Theatrics aside, Sacramento has eloquently laid out a two-part case as to why Sacramento County is breaking the law and threatening a landmark Natomas growth/preservation plan by entertaining Upper Westside and other huge Natomas development projects on farmland.
The county can continue to ignore the city, approve the project, and see if Sacramento blinks. Or study this project again in ways that the city is requesting and see where a better process leads them all.
Resolving environment questions now, not later
Since 2003, the entire Natomas Basin has been guided by a contractually binding multi-government plan to develop only a quarter of this basin while preserving the remaining lands.

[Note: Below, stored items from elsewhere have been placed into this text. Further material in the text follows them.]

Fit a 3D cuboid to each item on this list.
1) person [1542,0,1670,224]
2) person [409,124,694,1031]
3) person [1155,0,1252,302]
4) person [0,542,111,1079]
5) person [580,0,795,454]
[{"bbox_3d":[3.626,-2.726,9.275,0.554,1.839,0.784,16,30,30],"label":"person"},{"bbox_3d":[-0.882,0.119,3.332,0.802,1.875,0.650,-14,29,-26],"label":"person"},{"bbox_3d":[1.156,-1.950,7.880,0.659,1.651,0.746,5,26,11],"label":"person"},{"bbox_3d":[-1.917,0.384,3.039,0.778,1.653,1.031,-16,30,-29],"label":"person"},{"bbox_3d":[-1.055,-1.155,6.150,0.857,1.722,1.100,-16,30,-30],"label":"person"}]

The so-called Natomas Basin Habitat Conservation Plan is a landmark 50-year agreement on how balance growth and protect 22 different species that call the basin home.
Now with Upper Westside and even larger projects under review, the county is looking to retire farmland and expand urbanization at levels 40% greater than this 2003 plan ever envisioned. The city rightly believes this threatens the whole plan, as does the Natomas Basin Conservancy, no matter what groundless spin the project landowners say.

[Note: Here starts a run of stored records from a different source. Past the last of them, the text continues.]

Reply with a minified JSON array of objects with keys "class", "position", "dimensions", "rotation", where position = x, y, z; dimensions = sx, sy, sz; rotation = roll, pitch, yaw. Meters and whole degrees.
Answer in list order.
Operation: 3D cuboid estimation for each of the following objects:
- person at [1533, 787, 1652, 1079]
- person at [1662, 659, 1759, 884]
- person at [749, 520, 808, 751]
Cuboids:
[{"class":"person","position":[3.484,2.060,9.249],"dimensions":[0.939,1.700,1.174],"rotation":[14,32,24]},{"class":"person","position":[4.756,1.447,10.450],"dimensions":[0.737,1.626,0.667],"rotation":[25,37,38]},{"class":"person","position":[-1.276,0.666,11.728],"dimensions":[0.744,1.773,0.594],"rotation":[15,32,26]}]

Buchalter told the county that it’s time for them to confront the totality of what it is contemplating. The solution is for the county, the city, and the wildlife agencies to determine upfront how much more urban expansion, if any, is environmentally sustainable in Natomas.
Show Sacramento the water
Guerra reiterated how the city has not committed to providing this neighboring project with city water, and is requesting that the county formally consider an alternative supply in a full-blown new environmental analysis.
The county staff has claimed that its backup supply is the local provider of Sacramento River water for area farmers, the Natomas Central Mutual Water Company. But Natomas Central has no right to use water for municipal purposes. Getting such authority would require a vote of the State Water Resources Control Board in a proceeding that would attract just about every water lawyer in the Sacramento Valley.

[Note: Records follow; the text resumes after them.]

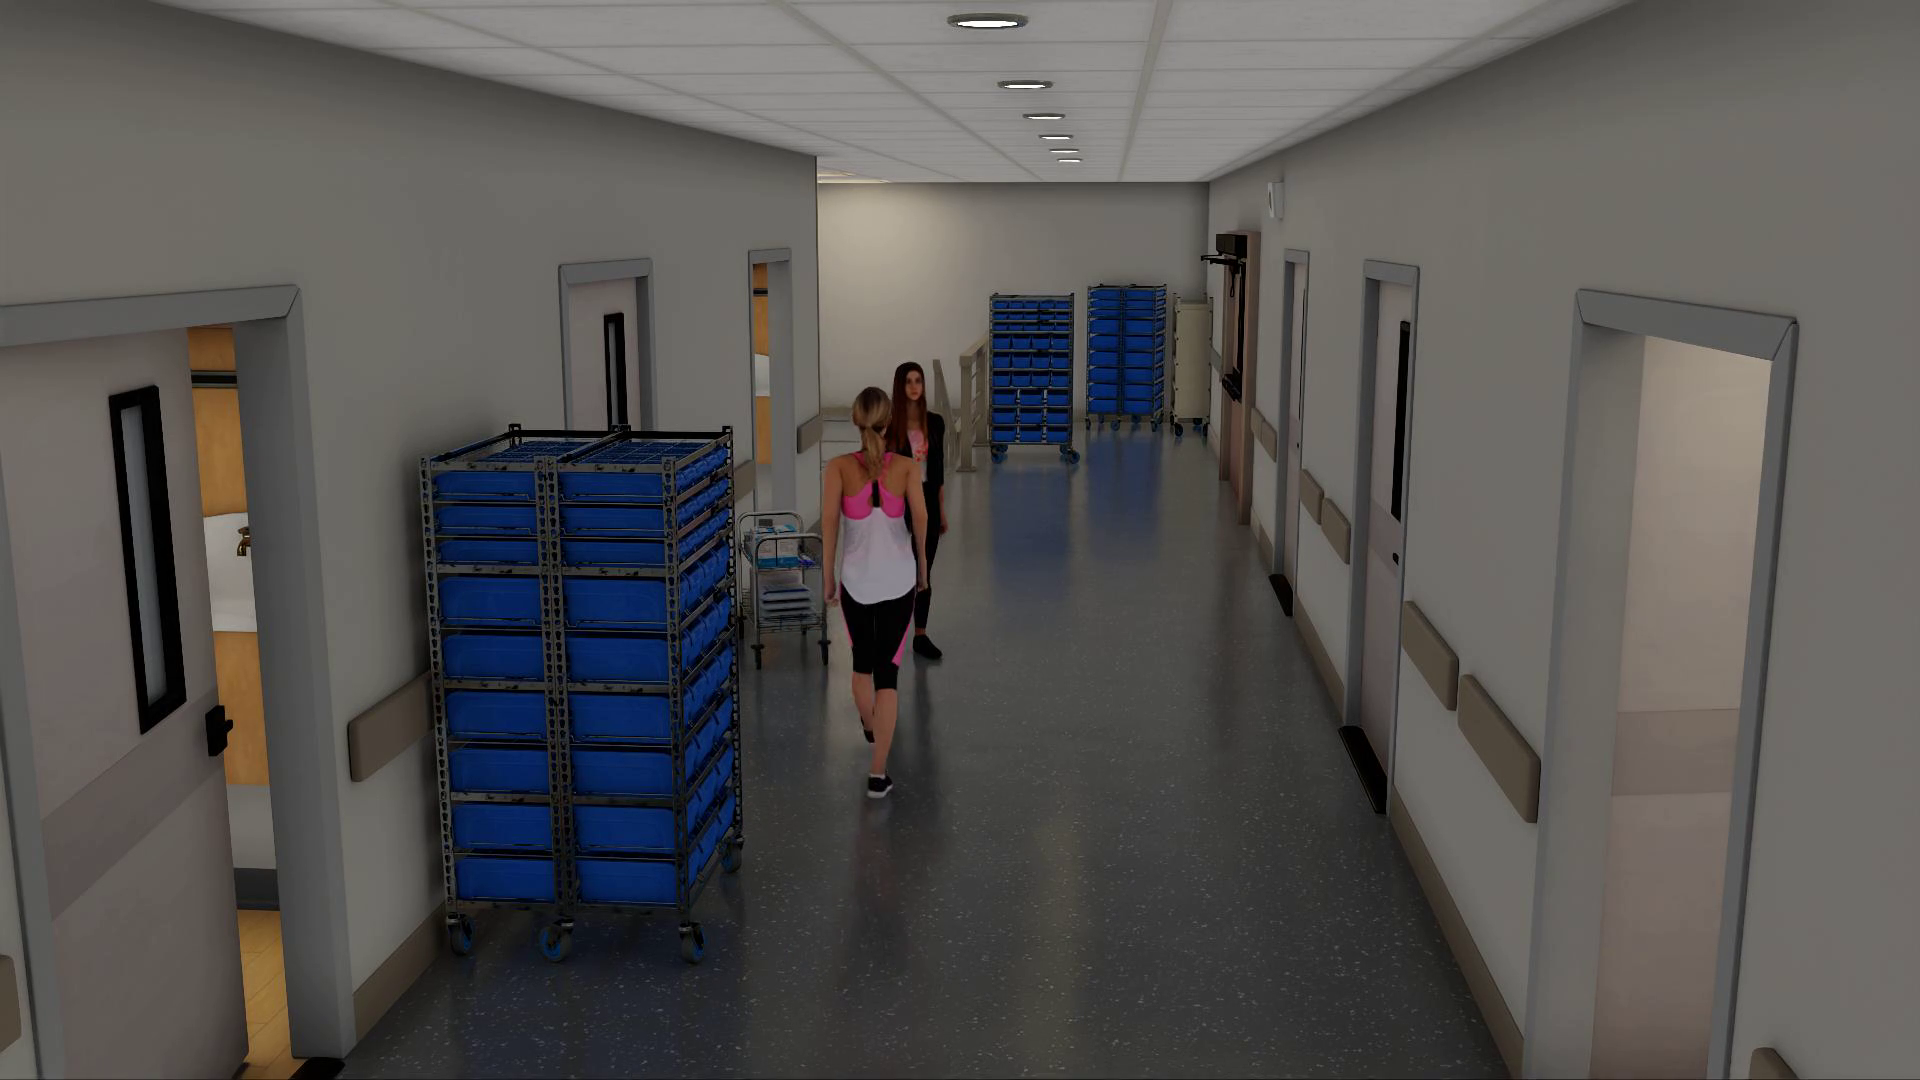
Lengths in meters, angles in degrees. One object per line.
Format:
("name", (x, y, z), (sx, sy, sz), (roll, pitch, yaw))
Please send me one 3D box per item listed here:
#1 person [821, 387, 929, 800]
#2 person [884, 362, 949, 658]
("person", (-0.360, 0.259, 7.203), (0.666, 1.742, 1.142), (0, 11, 1))
("person", (-0.290, -0.169, 9.542), (0.693, 1.710, 0.692), (-5, 12, -23))

This is because change is causing water scarcity in parts of the valley for the first time. In the last drought in 2022, Natomas Central only received 18% of a full supply, a historically low delivery. (The city, with more senior rights, had no shortages in 2022 whatsoever.) How can Natomas Central guarantee a reliable supply for 25,000 people in a way that doesn’t impact fellow senior water right holders?
Will the county respond?
Buchalter and the city are asking precisely the right questions. Yet they won’t be easy to answer. It took years, for example, for Sacramento and its partner in the northern part of Natomas, Sutter County, to come up with that 2003 growth/preservation plan. It would also take time and money to analyze another water solution.
What’s the county’s next move?
“We have not received any response from the county,” said Susana Alcala Wood, Sacramento’s soon-to-depart city attorney (she has taken the same job in San Jose). “And honestly at this point, we are thinking we won’t.”
More to come.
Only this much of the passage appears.